Wild-eyed thinking aloud: Python System Management Infrastruc ture

GADGIL PRASAD /INFRA/INFOTECH GADGILP at INFOTECH.ICICI.com
Mon Aug 6 04:52:31 EDT 2001



> -----Original Message-----
> From: William Annis [mailto:annis at biostat.wisc.edu]
> Sent: Friday, August 03, 2001 11:56 PM
> To: python-list at python.org
> Subject: Wild-eyed thinking aloud: Python System Management
> Infrastructure
> 
> 
> 
>         I've been a Unix system adminstrator for about 7 years now,
> longer if you count my student admin jobs.  With a few, brief
> exceptions, I have always worked places with small computing budgets.
> We can't afford sexy system management packages which can sometimes
> cost in the US$100,000s.  I mean things like Tivoli, CA Unicenter,
> Bull's OpenMaster, etc.
> 

I think, during CA Unicenter 2.2 ver, CA released the "framework" FREE.
You can search arround and may find someone with the 2 cd set. The 
framework is quite good. With 2.4, it's still there.
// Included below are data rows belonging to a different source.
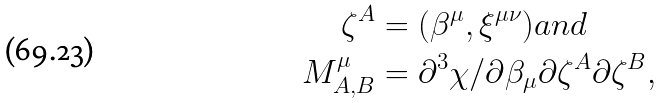Convert formula to latex. <formula><loc_0><loc_0><loc_500><loc_500>\zeta ^ { A } & = ( \beta ^ { \mu } , \xi ^ { \mu \nu } ) a n d \\ M ^ { \mu } _ { A , B } & = \partial ^ { 3 } \chi / \partial \beta _ { \mu } \partial \zeta ^ { A } \partial \zeta ^ { B } ,</formula> 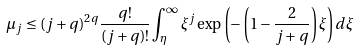Convert formula to latex. <formula><loc_0><loc_0><loc_500><loc_500>\mu _ { j } \leq ( j + q ) ^ { 2 q } \frac { q ! } { ( j + q ) ! } \int _ { \eta } ^ { \infty } \xi ^ { j } \exp \left ( - \left ( 1 - \frac { 2 } { j + q } \right ) \xi \right ) d \xi</formula> 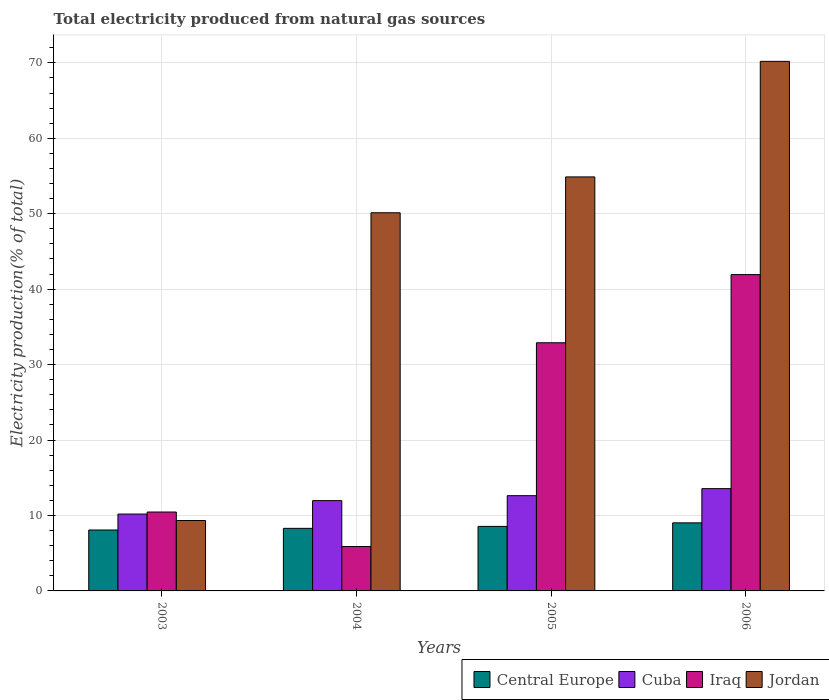How many different coloured bars are there?
Give a very brief answer. 4. What is the label of the 4th group of bars from the left?
Provide a short and direct response. 2006. What is the total electricity produced in Iraq in 2006?
Provide a succinct answer. 41.93. Across all years, what is the maximum total electricity produced in Cuba?
Ensure brevity in your answer.  13.56. Across all years, what is the minimum total electricity produced in Jordan?
Provide a short and direct response. 9.33. In which year was the total electricity produced in Central Europe minimum?
Keep it short and to the point. 2003. What is the total total electricity produced in Iraq in the graph?
Keep it short and to the point. 91.17. What is the difference between the total electricity produced in Central Europe in 2004 and that in 2006?
Give a very brief answer. -0.73. What is the difference between the total electricity produced in Central Europe in 2003 and the total electricity produced in Cuba in 2006?
Your answer should be very brief. -5.48. What is the average total electricity produced in Jordan per year?
Make the answer very short. 46.13. In the year 2004, what is the difference between the total electricity produced in Iraq and total electricity produced in Central Europe?
Offer a very short reply. -2.41. What is the ratio of the total electricity produced in Cuba in 2004 to that in 2005?
Make the answer very short. 0.95. Is the total electricity produced in Iraq in 2004 less than that in 2005?
Make the answer very short. Yes. What is the difference between the highest and the second highest total electricity produced in Cuba?
Offer a terse response. 0.93. What is the difference between the highest and the lowest total electricity produced in Iraq?
Offer a very short reply. 36.05. In how many years, is the total electricity produced in Central Europe greater than the average total electricity produced in Central Europe taken over all years?
Offer a terse response. 2. What does the 2nd bar from the left in 2006 represents?
Provide a short and direct response. Cuba. What does the 2nd bar from the right in 2003 represents?
Your response must be concise. Iraq. How many bars are there?
Provide a short and direct response. 16. Are the values on the major ticks of Y-axis written in scientific E-notation?
Keep it short and to the point. No. Does the graph contain any zero values?
Provide a succinct answer. No. How are the legend labels stacked?
Provide a short and direct response. Horizontal. What is the title of the graph?
Give a very brief answer. Total electricity produced from natural gas sources. Does "Iran" appear as one of the legend labels in the graph?
Keep it short and to the point. No. What is the Electricity production(% of total) of Central Europe in 2003?
Provide a succinct answer. 8.08. What is the Electricity production(% of total) of Cuba in 2003?
Your answer should be very brief. 10.19. What is the Electricity production(% of total) of Iraq in 2003?
Offer a very short reply. 10.46. What is the Electricity production(% of total) of Jordan in 2003?
Offer a terse response. 9.33. What is the Electricity production(% of total) of Central Europe in 2004?
Offer a very short reply. 8.29. What is the Electricity production(% of total) in Cuba in 2004?
Your response must be concise. 11.97. What is the Electricity production(% of total) in Iraq in 2004?
Provide a short and direct response. 5.88. What is the Electricity production(% of total) in Jordan in 2004?
Provide a succinct answer. 50.13. What is the Electricity production(% of total) of Central Europe in 2005?
Make the answer very short. 8.55. What is the Electricity production(% of total) of Cuba in 2005?
Offer a very short reply. 12.63. What is the Electricity production(% of total) of Iraq in 2005?
Give a very brief answer. 32.89. What is the Electricity production(% of total) of Jordan in 2005?
Give a very brief answer. 54.88. What is the Electricity production(% of total) of Central Europe in 2006?
Your answer should be compact. 9.02. What is the Electricity production(% of total) in Cuba in 2006?
Give a very brief answer. 13.56. What is the Electricity production(% of total) in Iraq in 2006?
Provide a succinct answer. 41.93. What is the Electricity production(% of total) of Jordan in 2006?
Your response must be concise. 70.2. Across all years, what is the maximum Electricity production(% of total) of Central Europe?
Ensure brevity in your answer.  9.02. Across all years, what is the maximum Electricity production(% of total) of Cuba?
Make the answer very short. 13.56. Across all years, what is the maximum Electricity production(% of total) of Iraq?
Your answer should be very brief. 41.93. Across all years, what is the maximum Electricity production(% of total) of Jordan?
Keep it short and to the point. 70.2. Across all years, what is the minimum Electricity production(% of total) in Central Europe?
Make the answer very short. 8.08. Across all years, what is the minimum Electricity production(% of total) in Cuba?
Your answer should be very brief. 10.19. Across all years, what is the minimum Electricity production(% of total) of Iraq?
Make the answer very short. 5.88. Across all years, what is the minimum Electricity production(% of total) of Jordan?
Offer a terse response. 9.33. What is the total Electricity production(% of total) of Central Europe in the graph?
Your response must be concise. 33.95. What is the total Electricity production(% of total) of Cuba in the graph?
Offer a terse response. 48.34. What is the total Electricity production(% of total) of Iraq in the graph?
Provide a succinct answer. 91.17. What is the total Electricity production(% of total) of Jordan in the graph?
Provide a succinct answer. 184.54. What is the difference between the Electricity production(% of total) in Central Europe in 2003 and that in 2004?
Give a very brief answer. -0.22. What is the difference between the Electricity production(% of total) in Cuba in 2003 and that in 2004?
Keep it short and to the point. -1.78. What is the difference between the Electricity production(% of total) in Iraq in 2003 and that in 2004?
Make the answer very short. 4.58. What is the difference between the Electricity production(% of total) of Jordan in 2003 and that in 2004?
Ensure brevity in your answer.  -40.8. What is the difference between the Electricity production(% of total) in Central Europe in 2003 and that in 2005?
Provide a short and direct response. -0.48. What is the difference between the Electricity production(% of total) of Cuba in 2003 and that in 2005?
Make the answer very short. -2.44. What is the difference between the Electricity production(% of total) of Iraq in 2003 and that in 2005?
Offer a very short reply. -22.44. What is the difference between the Electricity production(% of total) in Jordan in 2003 and that in 2005?
Ensure brevity in your answer.  -45.55. What is the difference between the Electricity production(% of total) in Central Europe in 2003 and that in 2006?
Ensure brevity in your answer.  -0.95. What is the difference between the Electricity production(% of total) in Cuba in 2003 and that in 2006?
Offer a very short reply. -3.37. What is the difference between the Electricity production(% of total) of Iraq in 2003 and that in 2006?
Your response must be concise. -31.47. What is the difference between the Electricity production(% of total) of Jordan in 2003 and that in 2006?
Make the answer very short. -60.87. What is the difference between the Electricity production(% of total) in Central Europe in 2004 and that in 2005?
Provide a succinct answer. -0.26. What is the difference between the Electricity production(% of total) of Cuba in 2004 and that in 2005?
Your answer should be compact. -0.66. What is the difference between the Electricity production(% of total) in Iraq in 2004 and that in 2005?
Give a very brief answer. -27.01. What is the difference between the Electricity production(% of total) in Jordan in 2004 and that in 2005?
Provide a succinct answer. -4.75. What is the difference between the Electricity production(% of total) in Central Europe in 2004 and that in 2006?
Offer a very short reply. -0.73. What is the difference between the Electricity production(% of total) of Cuba in 2004 and that in 2006?
Your answer should be very brief. -1.59. What is the difference between the Electricity production(% of total) of Iraq in 2004 and that in 2006?
Your answer should be compact. -36.05. What is the difference between the Electricity production(% of total) in Jordan in 2004 and that in 2006?
Make the answer very short. -20.07. What is the difference between the Electricity production(% of total) in Central Europe in 2005 and that in 2006?
Offer a very short reply. -0.47. What is the difference between the Electricity production(% of total) in Cuba in 2005 and that in 2006?
Your answer should be compact. -0.93. What is the difference between the Electricity production(% of total) in Iraq in 2005 and that in 2006?
Provide a short and direct response. -9.04. What is the difference between the Electricity production(% of total) in Jordan in 2005 and that in 2006?
Your answer should be compact. -15.32. What is the difference between the Electricity production(% of total) of Central Europe in 2003 and the Electricity production(% of total) of Cuba in 2004?
Provide a short and direct response. -3.89. What is the difference between the Electricity production(% of total) of Central Europe in 2003 and the Electricity production(% of total) of Iraq in 2004?
Make the answer very short. 2.19. What is the difference between the Electricity production(% of total) in Central Europe in 2003 and the Electricity production(% of total) in Jordan in 2004?
Offer a terse response. -42.05. What is the difference between the Electricity production(% of total) of Cuba in 2003 and the Electricity production(% of total) of Iraq in 2004?
Your answer should be compact. 4.31. What is the difference between the Electricity production(% of total) of Cuba in 2003 and the Electricity production(% of total) of Jordan in 2004?
Ensure brevity in your answer.  -39.94. What is the difference between the Electricity production(% of total) of Iraq in 2003 and the Electricity production(% of total) of Jordan in 2004?
Your answer should be compact. -39.67. What is the difference between the Electricity production(% of total) of Central Europe in 2003 and the Electricity production(% of total) of Cuba in 2005?
Your answer should be compact. -4.55. What is the difference between the Electricity production(% of total) of Central Europe in 2003 and the Electricity production(% of total) of Iraq in 2005?
Your answer should be very brief. -24.82. What is the difference between the Electricity production(% of total) of Central Europe in 2003 and the Electricity production(% of total) of Jordan in 2005?
Provide a succinct answer. -46.8. What is the difference between the Electricity production(% of total) of Cuba in 2003 and the Electricity production(% of total) of Iraq in 2005?
Provide a short and direct response. -22.7. What is the difference between the Electricity production(% of total) of Cuba in 2003 and the Electricity production(% of total) of Jordan in 2005?
Your answer should be very brief. -44.69. What is the difference between the Electricity production(% of total) of Iraq in 2003 and the Electricity production(% of total) of Jordan in 2005?
Offer a very short reply. -44.42. What is the difference between the Electricity production(% of total) of Central Europe in 2003 and the Electricity production(% of total) of Cuba in 2006?
Provide a short and direct response. -5.48. What is the difference between the Electricity production(% of total) of Central Europe in 2003 and the Electricity production(% of total) of Iraq in 2006?
Your answer should be compact. -33.85. What is the difference between the Electricity production(% of total) of Central Europe in 2003 and the Electricity production(% of total) of Jordan in 2006?
Ensure brevity in your answer.  -62.12. What is the difference between the Electricity production(% of total) of Cuba in 2003 and the Electricity production(% of total) of Iraq in 2006?
Keep it short and to the point. -31.74. What is the difference between the Electricity production(% of total) of Cuba in 2003 and the Electricity production(% of total) of Jordan in 2006?
Keep it short and to the point. -60.01. What is the difference between the Electricity production(% of total) in Iraq in 2003 and the Electricity production(% of total) in Jordan in 2006?
Make the answer very short. -59.74. What is the difference between the Electricity production(% of total) in Central Europe in 2004 and the Electricity production(% of total) in Cuba in 2005?
Your answer should be very brief. -4.33. What is the difference between the Electricity production(% of total) in Central Europe in 2004 and the Electricity production(% of total) in Iraq in 2005?
Your answer should be very brief. -24.6. What is the difference between the Electricity production(% of total) in Central Europe in 2004 and the Electricity production(% of total) in Jordan in 2005?
Keep it short and to the point. -46.58. What is the difference between the Electricity production(% of total) in Cuba in 2004 and the Electricity production(% of total) in Iraq in 2005?
Provide a short and direct response. -20.93. What is the difference between the Electricity production(% of total) of Cuba in 2004 and the Electricity production(% of total) of Jordan in 2005?
Your response must be concise. -42.91. What is the difference between the Electricity production(% of total) in Iraq in 2004 and the Electricity production(% of total) in Jordan in 2005?
Give a very brief answer. -49. What is the difference between the Electricity production(% of total) in Central Europe in 2004 and the Electricity production(% of total) in Cuba in 2006?
Make the answer very short. -5.26. What is the difference between the Electricity production(% of total) of Central Europe in 2004 and the Electricity production(% of total) of Iraq in 2006?
Ensure brevity in your answer.  -33.64. What is the difference between the Electricity production(% of total) of Central Europe in 2004 and the Electricity production(% of total) of Jordan in 2006?
Provide a short and direct response. -61.9. What is the difference between the Electricity production(% of total) of Cuba in 2004 and the Electricity production(% of total) of Iraq in 2006?
Your response must be concise. -29.96. What is the difference between the Electricity production(% of total) in Cuba in 2004 and the Electricity production(% of total) in Jordan in 2006?
Offer a very short reply. -58.23. What is the difference between the Electricity production(% of total) in Iraq in 2004 and the Electricity production(% of total) in Jordan in 2006?
Ensure brevity in your answer.  -64.31. What is the difference between the Electricity production(% of total) in Central Europe in 2005 and the Electricity production(% of total) in Cuba in 2006?
Ensure brevity in your answer.  -5.01. What is the difference between the Electricity production(% of total) of Central Europe in 2005 and the Electricity production(% of total) of Iraq in 2006?
Your response must be concise. -33.38. What is the difference between the Electricity production(% of total) in Central Europe in 2005 and the Electricity production(% of total) in Jordan in 2006?
Offer a terse response. -61.64. What is the difference between the Electricity production(% of total) in Cuba in 2005 and the Electricity production(% of total) in Iraq in 2006?
Your answer should be compact. -29.3. What is the difference between the Electricity production(% of total) in Cuba in 2005 and the Electricity production(% of total) in Jordan in 2006?
Make the answer very short. -57.57. What is the difference between the Electricity production(% of total) of Iraq in 2005 and the Electricity production(% of total) of Jordan in 2006?
Offer a very short reply. -37.3. What is the average Electricity production(% of total) in Central Europe per year?
Make the answer very short. 8.49. What is the average Electricity production(% of total) of Cuba per year?
Your answer should be very brief. 12.09. What is the average Electricity production(% of total) in Iraq per year?
Ensure brevity in your answer.  22.79. What is the average Electricity production(% of total) in Jordan per year?
Keep it short and to the point. 46.13. In the year 2003, what is the difference between the Electricity production(% of total) of Central Europe and Electricity production(% of total) of Cuba?
Your response must be concise. -2.11. In the year 2003, what is the difference between the Electricity production(% of total) in Central Europe and Electricity production(% of total) in Iraq?
Your response must be concise. -2.38. In the year 2003, what is the difference between the Electricity production(% of total) of Central Europe and Electricity production(% of total) of Jordan?
Your answer should be very brief. -1.26. In the year 2003, what is the difference between the Electricity production(% of total) in Cuba and Electricity production(% of total) in Iraq?
Offer a terse response. -0.27. In the year 2003, what is the difference between the Electricity production(% of total) of Cuba and Electricity production(% of total) of Jordan?
Provide a short and direct response. 0.86. In the year 2003, what is the difference between the Electricity production(% of total) of Iraq and Electricity production(% of total) of Jordan?
Keep it short and to the point. 1.13. In the year 2004, what is the difference between the Electricity production(% of total) in Central Europe and Electricity production(% of total) in Cuba?
Your answer should be compact. -3.67. In the year 2004, what is the difference between the Electricity production(% of total) of Central Europe and Electricity production(% of total) of Iraq?
Provide a succinct answer. 2.41. In the year 2004, what is the difference between the Electricity production(% of total) of Central Europe and Electricity production(% of total) of Jordan?
Your response must be concise. -41.83. In the year 2004, what is the difference between the Electricity production(% of total) of Cuba and Electricity production(% of total) of Iraq?
Give a very brief answer. 6.08. In the year 2004, what is the difference between the Electricity production(% of total) of Cuba and Electricity production(% of total) of Jordan?
Ensure brevity in your answer.  -38.16. In the year 2004, what is the difference between the Electricity production(% of total) in Iraq and Electricity production(% of total) in Jordan?
Give a very brief answer. -44.24. In the year 2005, what is the difference between the Electricity production(% of total) of Central Europe and Electricity production(% of total) of Cuba?
Your answer should be compact. -4.07. In the year 2005, what is the difference between the Electricity production(% of total) of Central Europe and Electricity production(% of total) of Iraq?
Give a very brief answer. -24.34. In the year 2005, what is the difference between the Electricity production(% of total) of Central Europe and Electricity production(% of total) of Jordan?
Keep it short and to the point. -46.33. In the year 2005, what is the difference between the Electricity production(% of total) in Cuba and Electricity production(% of total) in Iraq?
Your answer should be compact. -20.27. In the year 2005, what is the difference between the Electricity production(% of total) of Cuba and Electricity production(% of total) of Jordan?
Offer a very short reply. -42.25. In the year 2005, what is the difference between the Electricity production(% of total) of Iraq and Electricity production(% of total) of Jordan?
Your answer should be compact. -21.98. In the year 2006, what is the difference between the Electricity production(% of total) of Central Europe and Electricity production(% of total) of Cuba?
Make the answer very short. -4.54. In the year 2006, what is the difference between the Electricity production(% of total) of Central Europe and Electricity production(% of total) of Iraq?
Your answer should be compact. -32.91. In the year 2006, what is the difference between the Electricity production(% of total) in Central Europe and Electricity production(% of total) in Jordan?
Give a very brief answer. -61.17. In the year 2006, what is the difference between the Electricity production(% of total) in Cuba and Electricity production(% of total) in Iraq?
Ensure brevity in your answer.  -28.37. In the year 2006, what is the difference between the Electricity production(% of total) in Cuba and Electricity production(% of total) in Jordan?
Provide a succinct answer. -56.64. In the year 2006, what is the difference between the Electricity production(% of total) of Iraq and Electricity production(% of total) of Jordan?
Keep it short and to the point. -28.27. What is the ratio of the Electricity production(% of total) in Central Europe in 2003 to that in 2004?
Give a very brief answer. 0.97. What is the ratio of the Electricity production(% of total) in Cuba in 2003 to that in 2004?
Keep it short and to the point. 0.85. What is the ratio of the Electricity production(% of total) of Iraq in 2003 to that in 2004?
Your answer should be very brief. 1.78. What is the ratio of the Electricity production(% of total) in Jordan in 2003 to that in 2004?
Keep it short and to the point. 0.19. What is the ratio of the Electricity production(% of total) in Central Europe in 2003 to that in 2005?
Provide a short and direct response. 0.94. What is the ratio of the Electricity production(% of total) of Cuba in 2003 to that in 2005?
Provide a succinct answer. 0.81. What is the ratio of the Electricity production(% of total) in Iraq in 2003 to that in 2005?
Ensure brevity in your answer.  0.32. What is the ratio of the Electricity production(% of total) in Jordan in 2003 to that in 2005?
Provide a succinct answer. 0.17. What is the ratio of the Electricity production(% of total) in Central Europe in 2003 to that in 2006?
Ensure brevity in your answer.  0.9. What is the ratio of the Electricity production(% of total) in Cuba in 2003 to that in 2006?
Make the answer very short. 0.75. What is the ratio of the Electricity production(% of total) in Iraq in 2003 to that in 2006?
Provide a short and direct response. 0.25. What is the ratio of the Electricity production(% of total) of Jordan in 2003 to that in 2006?
Your answer should be compact. 0.13. What is the ratio of the Electricity production(% of total) of Central Europe in 2004 to that in 2005?
Offer a terse response. 0.97. What is the ratio of the Electricity production(% of total) in Cuba in 2004 to that in 2005?
Provide a short and direct response. 0.95. What is the ratio of the Electricity production(% of total) in Iraq in 2004 to that in 2005?
Your answer should be compact. 0.18. What is the ratio of the Electricity production(% of total) of Jordan in 2004 to that in 2005?
Your answer should be very brief. 0.91. What is the ratio of the Electricity production(% of total) in Central Europe in 2004 to that in 2006?
Give a very brief answer. 0.92. What is the ratio of the Electricity production(% of total) of Cuba in 2004 to that in 2006?
Provide a short and direct response. 0.88. What is the ratio of the Electricity production(% of total) in Iraq in 2004 to that in 2006?
Keep it short and to the point. 0.14. What is the ratio of the Electricity production(% of total) in Jordan in 2004 to that in 2006?
Offer a terse response. 0.71. What is the ratio of the Electricity production(% of total) in Central Europe in 2005 to that in 2006?
Your answer should be very brief. 0.95. What is the ratio of the Electricity production(% of total) of Cuba in 2005 to that in 2006?
Make the answer very short. 0.93. What is the ratio of the Electricity production(% of total) in Iraq in 2005 to that in 2006?
Your answer should be compact. 0.78. What is the ratio of the Electricity production(% of total) in Jordan in 2005 to that in 2006?
Give a very brief answer. 0.78. What is the difference between the highest and the second highest Electricity production(% of total) of Central Europe?
Offer a terse response. 0.47. What is the difference between the highest and the second highest Electricity production(% of total) in Cuba?
Ensure brevity in your answer.  0.93. What is the difference between the highest and the second highest Electricity production(% of total) in Iraq?
Your answer should be compact. 9.04. What is the difference between the highest and the second highest Electricity production(% of total) in Jordan?
Provide a short and direct response. 15.32. What is the difference between the highest and the lowest Electricity production(% of total) in Central Europe?
Your answer should be compact. 0.95. What is the difference between the highest and the lowest Electricity production(% of total) of Cuba?
Keep it short and to the point. 3.37. What is the difference between the highest and the lowest Electricity production(% of total) in Iraq?
Your answer should be compact. 36.05. What is the difference between the highest and the lowest Electricity production(% of total) in Jordan?
Keep it short and to the point. 60.87. 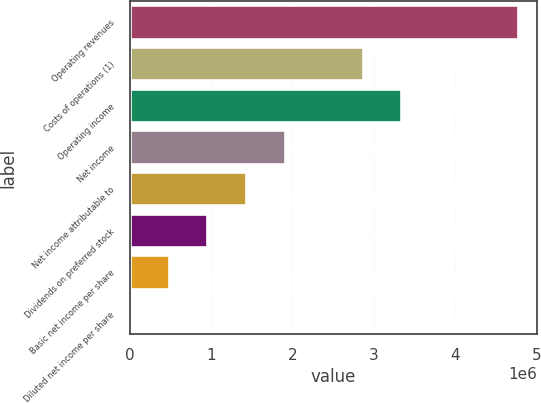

>         About once a year I run into some situation where I *want*
> something like one of these tools.  Like many academic sites, we
> started small with a handful of Unix machines and a few dozon users.
> Now we have 100s of users and about 70 Unix machines all doing
> different jobs.  Now I regularly have to rewrite or at least try to
> fix the tools that worked with 15 machines but now fall down: a mass
> of shell scripts, C and perl glommed together with duct tape, caffeine
> and cheap, grad-student labor.
> 
>         It may all just make me crazy.  Our old user management system
> (perl and some C) had a unique and beautiful problem.  It generated
> /etc/passwd and /etc/group from a single data file.  An extra space at
> the end of a line could cause some confusion in the parsing, and what
> you sometimes got was a recreated /etc/passwd with the names and UIDs
> slightly out of alignment.  It was a wonder to behold, a nightmare to
> fix.  That system is gone now.
> 
>         As the years go by I keep reimplementing these things (if
> we're lucky, we buy something) and I can't help but wonder if there
> isn't some Better Way.  I keep writing these tools, but they can't
> chat with each other.
> 
>         Recently I have found myself designing a database-driven
> system to keep track of our machines, what they do, where they sit,
> etc., and I keep thinking "William, you should write an
> *infrastructure* for all this system junk you do."  I've been working
> on a system monitoring tool for several years now, so I have some
> experience in writing distributed systems that, so I already have some
> ideas.  My thoughts right now lean toward a central communications
> daemon/dispatcher attached to a database with various other daemons
> devoted to specfic tasks:
> 
>     * keep track of machine data (my current worry)
>     * user data (including fiscal data if necessary)
>     * system monitoring, event and problem notification
>     * for the adventurous, things like printer and job control, etc...
>       (this should be a infrastructure, and it should be easy
>       to plug in whatever you can think up)
> 
> Of course there are free various tools that do these sorts of things
> out there, but they don't exactly play well together, if at all.  I
> have ideas on how communication should work, and though I have avoided
> the XML kool-aid up to now, I'm willing to concede XML-RPC might be
> useful here.
> 
>         I'd rather not do this alone. So, if there are other Unix
> admins, or NT admins, for that matter, who want to see their favorite
> language used to develop something like this and are willing to do
> some actual work, please contact me.  If there's no interest, I'll
> just crawl back into my office and hush up. :)
> 

If decide to write, check RMON and especially "WBEM". And I guess there must
be some existing effort that does something similar using above standards.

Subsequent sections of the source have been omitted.